(Task data):

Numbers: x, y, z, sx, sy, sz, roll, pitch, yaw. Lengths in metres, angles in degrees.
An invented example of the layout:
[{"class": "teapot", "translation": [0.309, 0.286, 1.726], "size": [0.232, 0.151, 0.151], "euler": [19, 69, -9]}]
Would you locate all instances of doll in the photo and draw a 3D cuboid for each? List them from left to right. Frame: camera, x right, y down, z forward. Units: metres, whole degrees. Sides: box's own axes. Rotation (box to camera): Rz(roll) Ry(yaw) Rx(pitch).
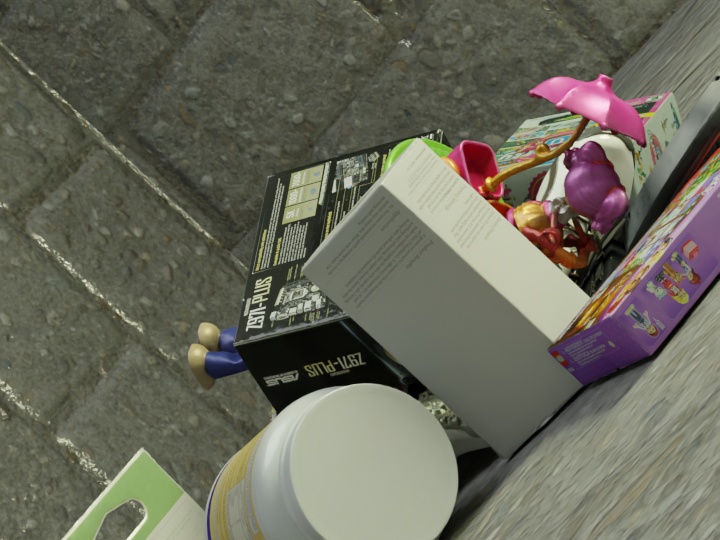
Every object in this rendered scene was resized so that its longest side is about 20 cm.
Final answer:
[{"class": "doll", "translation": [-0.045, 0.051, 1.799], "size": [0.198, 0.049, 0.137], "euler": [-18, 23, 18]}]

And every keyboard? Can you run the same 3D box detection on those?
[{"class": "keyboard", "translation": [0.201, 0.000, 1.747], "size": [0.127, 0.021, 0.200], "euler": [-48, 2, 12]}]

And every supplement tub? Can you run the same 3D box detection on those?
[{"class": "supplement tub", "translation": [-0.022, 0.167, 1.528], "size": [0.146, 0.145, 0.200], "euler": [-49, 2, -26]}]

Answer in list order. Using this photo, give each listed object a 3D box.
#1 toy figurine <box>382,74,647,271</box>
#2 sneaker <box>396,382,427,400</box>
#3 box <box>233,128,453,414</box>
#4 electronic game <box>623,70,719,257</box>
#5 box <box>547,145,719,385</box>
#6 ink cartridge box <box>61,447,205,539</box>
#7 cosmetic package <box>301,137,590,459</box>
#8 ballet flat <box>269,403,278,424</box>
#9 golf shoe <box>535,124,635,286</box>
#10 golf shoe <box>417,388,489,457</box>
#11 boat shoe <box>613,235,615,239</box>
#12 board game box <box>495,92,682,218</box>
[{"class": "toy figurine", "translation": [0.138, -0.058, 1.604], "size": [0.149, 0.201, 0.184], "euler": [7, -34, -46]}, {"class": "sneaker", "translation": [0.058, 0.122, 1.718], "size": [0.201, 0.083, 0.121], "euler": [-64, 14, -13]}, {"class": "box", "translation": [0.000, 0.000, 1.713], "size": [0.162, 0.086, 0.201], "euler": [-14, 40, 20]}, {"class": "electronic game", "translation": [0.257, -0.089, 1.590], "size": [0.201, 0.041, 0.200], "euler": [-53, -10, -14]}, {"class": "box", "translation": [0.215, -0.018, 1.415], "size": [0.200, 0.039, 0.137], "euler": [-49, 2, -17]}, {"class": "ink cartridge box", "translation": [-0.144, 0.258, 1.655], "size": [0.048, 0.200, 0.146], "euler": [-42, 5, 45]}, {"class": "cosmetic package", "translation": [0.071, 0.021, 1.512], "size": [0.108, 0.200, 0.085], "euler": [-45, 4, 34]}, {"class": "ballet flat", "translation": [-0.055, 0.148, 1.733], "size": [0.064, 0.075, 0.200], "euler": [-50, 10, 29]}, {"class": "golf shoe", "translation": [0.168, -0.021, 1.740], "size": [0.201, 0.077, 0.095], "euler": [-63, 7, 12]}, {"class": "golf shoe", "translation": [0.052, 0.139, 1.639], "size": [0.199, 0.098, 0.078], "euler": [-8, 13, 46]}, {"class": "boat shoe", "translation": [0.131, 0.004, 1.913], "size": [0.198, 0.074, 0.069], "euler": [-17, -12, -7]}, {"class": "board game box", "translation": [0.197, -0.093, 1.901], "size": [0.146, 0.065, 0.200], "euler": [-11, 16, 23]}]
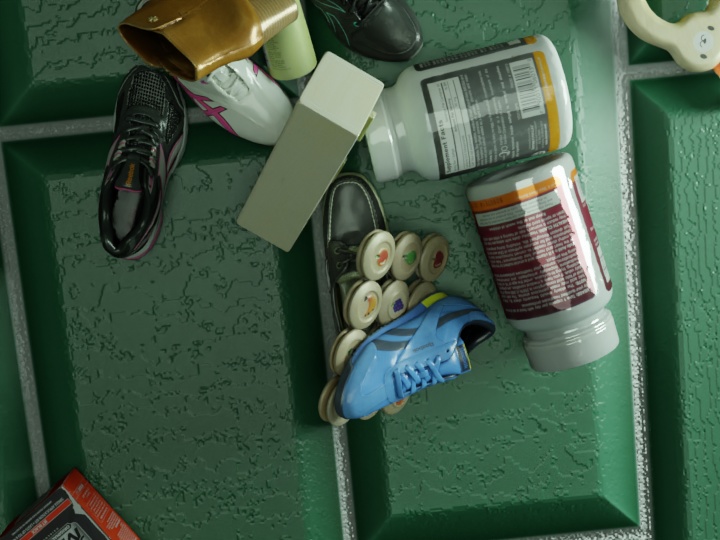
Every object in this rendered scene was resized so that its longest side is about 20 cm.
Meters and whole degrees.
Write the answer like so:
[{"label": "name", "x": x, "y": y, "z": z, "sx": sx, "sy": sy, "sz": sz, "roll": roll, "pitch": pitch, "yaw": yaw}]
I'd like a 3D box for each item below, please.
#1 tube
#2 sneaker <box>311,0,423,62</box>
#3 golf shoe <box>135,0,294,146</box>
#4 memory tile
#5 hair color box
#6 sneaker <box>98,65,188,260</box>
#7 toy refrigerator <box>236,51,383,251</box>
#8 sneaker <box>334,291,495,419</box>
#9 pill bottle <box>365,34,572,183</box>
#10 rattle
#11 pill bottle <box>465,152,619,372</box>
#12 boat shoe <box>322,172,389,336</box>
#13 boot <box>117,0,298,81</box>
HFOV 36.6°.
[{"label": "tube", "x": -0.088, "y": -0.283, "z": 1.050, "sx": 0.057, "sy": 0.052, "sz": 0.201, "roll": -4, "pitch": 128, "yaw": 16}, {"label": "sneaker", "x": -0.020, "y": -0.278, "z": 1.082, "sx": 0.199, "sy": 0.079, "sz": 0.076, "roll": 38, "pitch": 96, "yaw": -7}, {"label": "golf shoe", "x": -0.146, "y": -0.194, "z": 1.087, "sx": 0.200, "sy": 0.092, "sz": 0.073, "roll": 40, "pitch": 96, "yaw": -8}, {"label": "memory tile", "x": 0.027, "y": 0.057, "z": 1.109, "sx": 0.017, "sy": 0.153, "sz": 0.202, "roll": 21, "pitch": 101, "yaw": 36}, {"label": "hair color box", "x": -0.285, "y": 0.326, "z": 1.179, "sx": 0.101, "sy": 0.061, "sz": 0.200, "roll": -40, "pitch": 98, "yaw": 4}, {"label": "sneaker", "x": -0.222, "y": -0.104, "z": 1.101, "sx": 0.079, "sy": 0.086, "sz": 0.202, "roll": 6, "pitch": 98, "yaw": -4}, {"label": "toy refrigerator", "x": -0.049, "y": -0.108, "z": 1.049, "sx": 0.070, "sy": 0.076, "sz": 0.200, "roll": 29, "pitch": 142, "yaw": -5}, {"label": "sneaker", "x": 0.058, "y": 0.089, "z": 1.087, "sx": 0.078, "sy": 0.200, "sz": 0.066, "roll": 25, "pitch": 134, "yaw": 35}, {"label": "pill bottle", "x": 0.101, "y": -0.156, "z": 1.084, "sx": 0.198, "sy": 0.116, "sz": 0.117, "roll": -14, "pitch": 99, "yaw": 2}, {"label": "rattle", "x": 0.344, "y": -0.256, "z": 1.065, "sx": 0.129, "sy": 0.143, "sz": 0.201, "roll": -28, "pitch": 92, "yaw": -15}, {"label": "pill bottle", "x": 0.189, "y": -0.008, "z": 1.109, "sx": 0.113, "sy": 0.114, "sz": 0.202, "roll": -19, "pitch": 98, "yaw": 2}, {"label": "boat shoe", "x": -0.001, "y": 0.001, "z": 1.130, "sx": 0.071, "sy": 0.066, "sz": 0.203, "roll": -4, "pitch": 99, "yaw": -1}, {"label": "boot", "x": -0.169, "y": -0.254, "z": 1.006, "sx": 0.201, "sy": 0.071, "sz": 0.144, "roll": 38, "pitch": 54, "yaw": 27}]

(Work to complete): Out of the entries above, write out only the lines between the line holding "#5 hair color box" and the line holding "#12 boat shoe <box>322,172,389,336</box>", inclusive, each exactly as given.

(Answer to this task):
#5 hair color box
#6 sneaker <box>98,65,188,260</box>
#7 toy refrigerator <box>236,51,383,251</box>
#8 sneaker <box>334,291,495,419</box>
#9 pill bottle <box>365,34,572,183</box>
#10 rattle
#11 pill bottle <box>465,152,619,372</box>
#12 boat shoe <box>322,172,389,336</box>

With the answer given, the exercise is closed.